Conclusion : accepter l’incertitude pour réussir notre produit

Les projets de deep learning sont intrinsèquement probabilistes. Ils requièrent de définir précisément les problèmes à résoudre pour vos utilisateurs, et de développer une culture de l’expérimentation, au sein de laquelle l’erreur est permise et permet d’apprendre.

Pour autant, dans le monde réel, les produits doivent être livrés et le temps de recherche n’est pas illimité : il convient donc de se fixer une limite de temps de R&D et d’exploration.

Si les projets de deep learning comportent des risques, les résultats peuvent largement récompenser cette capacité à prendre des risques. Pour citer le fondateur d’Amazon : "si vous ne faites que des choses dont vous connaissez la réponse à l'avance, votre entreprise disparaîtra".

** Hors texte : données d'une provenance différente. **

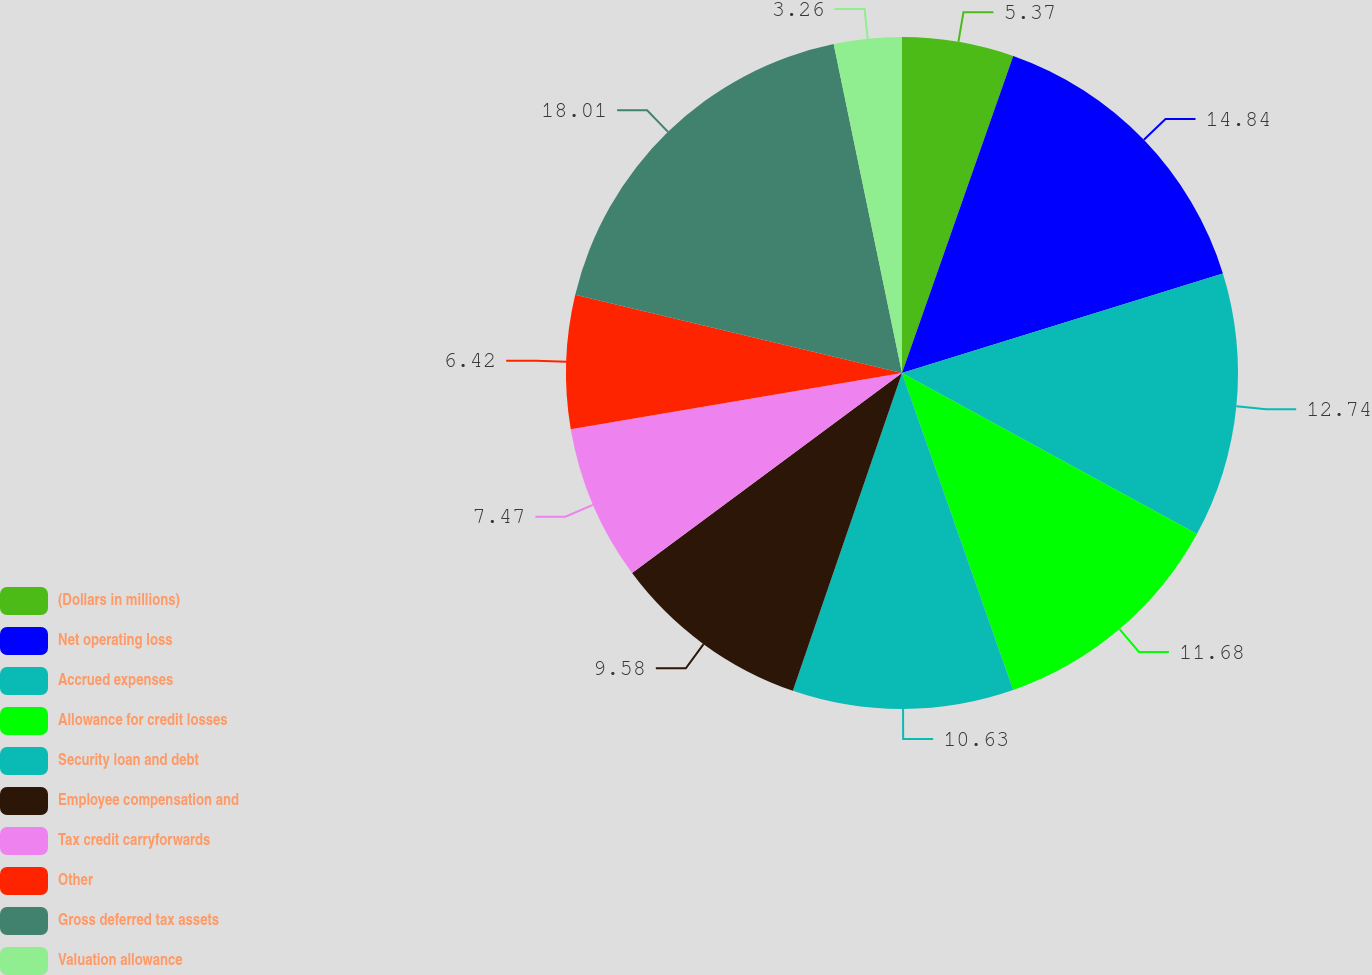<chart> <loc_0><loc_0><loc_500><loc_500><pie_chart><fcel>(Dollars in millions)<fcel>Net operating loss<fcel>Accrued expenses<fcel>Allowance for credit losses<fcel>Security loan and debt<fcel>Employee compensation and<fcel>Tax credit carryforwards<fcel>Other<fcel>Gross deferred tax assets<fcel>Valuation allowance<nl><fcel>5.37%<fcel>14.84%<fcel>12.74%<fcel>11.68%<fcel>10.63%<fcel>9.58%<fcel>7.47%<fcel>6.42%<fcel>18.0%<fcel>3.26%<nl></chart> 
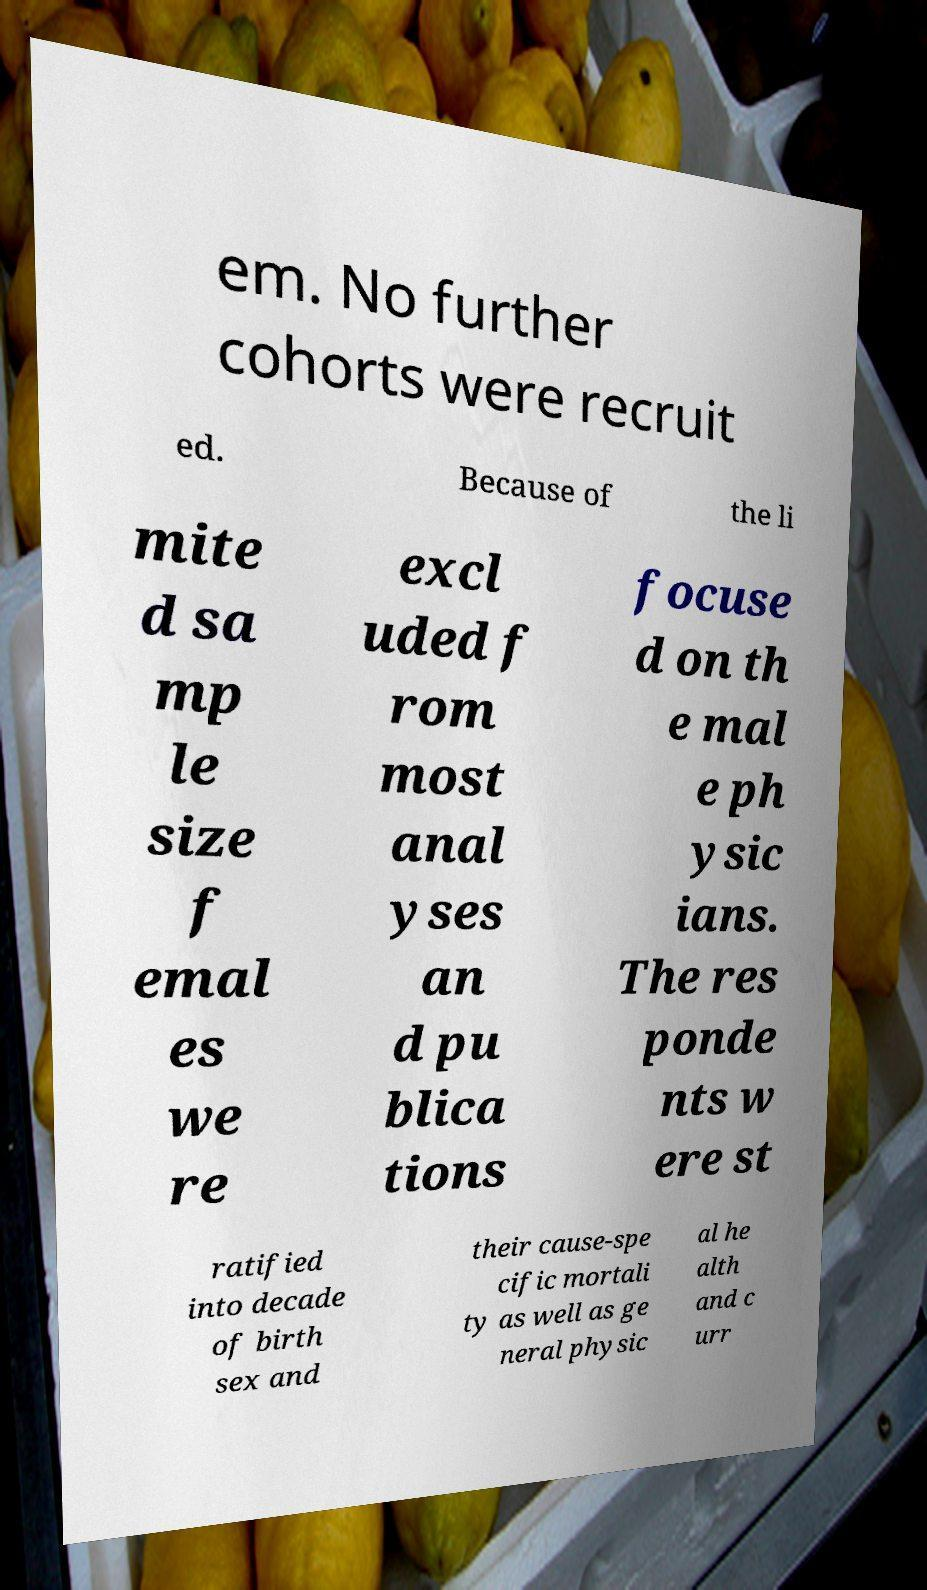I need the written content from this picture converted into text. Can you do that? em. No further cohorts were recruit ed. Because of the li mite d sa mp le size f emal es we re excl uded f rom most anal yses an d pu blica tions focuse d on th e mal e ph ysic ians. The res ponde nts w ere st ratified into decade of birth sex and their cause-spe cific mortali ty as well as ge neral physic al he alth and c urr 
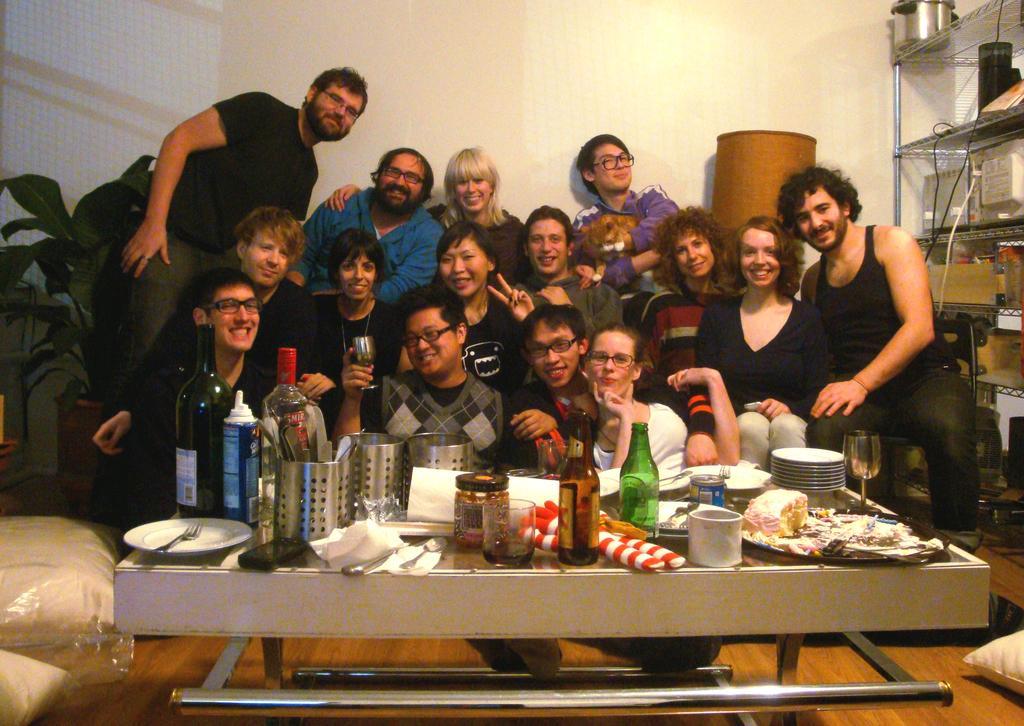Describe this image in one or two sentences. In the foreground of this image, on the table, there are few bottles, a tin, cup, platters, forks and few containers on it. In the background, there are a group of people posing to the camera. On the right, there are few objects in the rack. On the left, there is a plant. At the top, there is a wall and we can also see pillows on the floor.

Cette incertitude renforce le besoin de travailler sur des problèmes qui importent vraiment, pour votre entreprise ou vos clients. Si le résultat final apporte un avantage compétitif sur le marché ou améliore l’environnement de travail de vos salariés, alors il vaut probablement la peine d’investir. Et si les projets de deep learning sont intrinsèquement probabilistes, mieux comprendre leurs enjeux est une bonne manière de maximiser vos chances de gain.